Residents from communist countries trying to access the capitalist reality often sought freedom on the other bank of the Danube river. Preparations sometimes lasted as much as 2 years, and included geographical documentation and identification of possible hosts in the targeted countries. Between 1980 and 1989, 16 thousands Romanians tried to pass the national south-west border crossing the Danube. Eleven thousands of them were caught and the remaining either died or, having succeeded, were declared missing or dead. Very often the families didn’t reclaim the missings, to avoid persecution. When the bodies arrived on the Yugoslavian shore, they were registered by the Yugoslavian boarder police and dropped in common graves, attributed to the unclaimed Romanians who died trying the crossing. There are Romanian anonymous graves in the cemeteries of Sip, Kladovo and Golbinje, now Serbian territory. However, the story of the ones who tryed the crossing never formed an highlighted history file.

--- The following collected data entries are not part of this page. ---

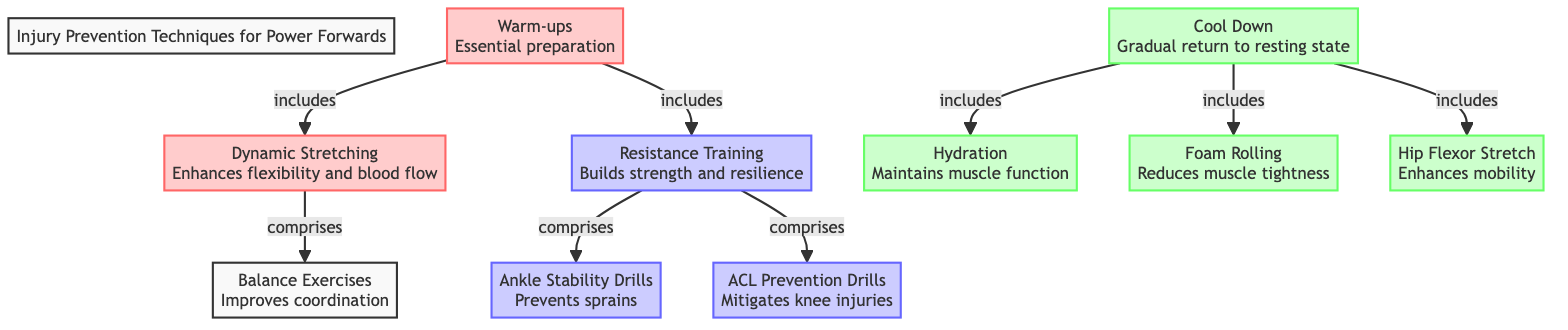What are the primary components included in warm-ups? The diagram indicates that warm-ups include dynamic stretching and resistance training, as denoted by the arrows pointing to these activities from the warm-ups node.
Answer: dynamic stretching, resistance training How many techniques are outlined under cool down? Looking at the cool down node, it includes foam rolling, hydration, and hip flexor stretch, which totals three techniques.
Answer: 3 Which type of training primarily consists of ankle stability drills? The resistance training node points to the ankle stability drills node, indicating that these drills are part of resistance training.
Answer: resistance training What is the main purpose of dynamic stretching according to the diagram? The description of dynamic stretching directly states that it enhances flexibility and blood flow, summarizing its main purpose.
Answer: Enhances flexibility and blood flow Which technique is designed to prevent sprains? The diagram highlights that ankle stability drills are specifically aimed at preventing sprains as mentioned in its description.
Answer: ankle stability drills What does the cool down process include that helps maintain muscle function? The hydration node within the cool down section indicates its role in maintaining muscle function, making it a key component.
Answer: hydration What relationship exists between dynamic stretching and balance exercises? Dynamic stretching incorporates balance exercises as part of its techniques, as shown by the arrows connecting them in the diagram.
Answer: comprises How many resistance training techniques are listed in the diagram? The resistance training node lists two techniques, which are ankle stability drills and ACL prevention drills, summing up to two.
Answer: 2 Which technique is suggested for mitigating knee injuries? The diagram specifies that ACL prevention drills are intended for mitigating knee injuries, clearly outlined under the resistance training section.
Answer: ACL prevention drills

The two 70s/80s commercial signs compose a readymade monumental memento. “Peste” comes from an abandoned fish market, and stands for fish. Having a missing cedilla the sign also reads “over”. Ironically, the two signs composing “Over the Danube” come from business shut down shortly after 1989, being crushed by the new capitalist rhythm, which was the one people were trying to reach by crossing the river.